The same can be said for our state Senate Democrats regarding their push to kill a concealed carry weapons bill. These Colorado state legislators are no different than their brethren on the federal level. Here we find these Democrats in our state pandering to Tom Mauser and his anti-gun henchmen to deny law-abiding citizens their right to self-defense.
If I were denied this right and were attacked, I would bring a lawsuit against the state for denying me the right to carry a concealed weapon, which could have protected me. Similarly if I were a family member whose loved one lost their life when they could have protected themselves, I would sue the state if a carry permit was denied after proving the person was law-abiding and could have received a permit if Colorado passed a pre-emption law.
-- Steve Levine
We're here to serve
To the Editor:
Thank you to Kathryn Eastburn for her moving and thoughtful story regarding Down Syndrome and Alzheimer's disease ["Facing Alzheimer's," Jan. 17]. I wanted to remind readers that there is a local office of the Alzheimer's Association here in Colorado Springs.
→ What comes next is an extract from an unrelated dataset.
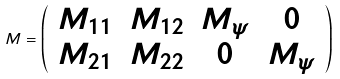Convert formula to latex. <formula><loc_0><loc_0><loc_500><loc_500>M = \left ( \begin{array} { c c c c } M _ { 1 1 } & M _ { 1 2 } & M _ { \psi } & 0 \\ M _ { 2 1 } & M _ { 2 2 } & 0 & M _ { \psi } \end{array} \right )</formula>

We offer telephone information services, counseling programs, support groups, and educational programs free to members of our community. Families and friends of loved ones with Down Syndrome and/or Alzheimer's disease are welcome and encouraged to use our services as needed. We are here to stand by you.
-- Susan Toth
Alzheimer's Association, Rocky Mountain Chapter
That's the spirit!
To the Editor:
I applaud Idaho's recent repeal of term limits for state lawmakers, while in the process overturning a veto by Governor Kempthorne.
While I agree incumbents often have unfair systemic advantages at the ballot box (which must be reformed on federal and state levels), I have difficulty "getting around" the implied message of term limit advocates: "Please stop me from voting for this same guy (or gal) over and over again!"
If voters want a different citizen representing them, then they simply need to vote for a different candidate! Advocates for term limits would better use their energy by campaigning for challengers who could defeat entrenched incumbents. That is the true spirit of our republic.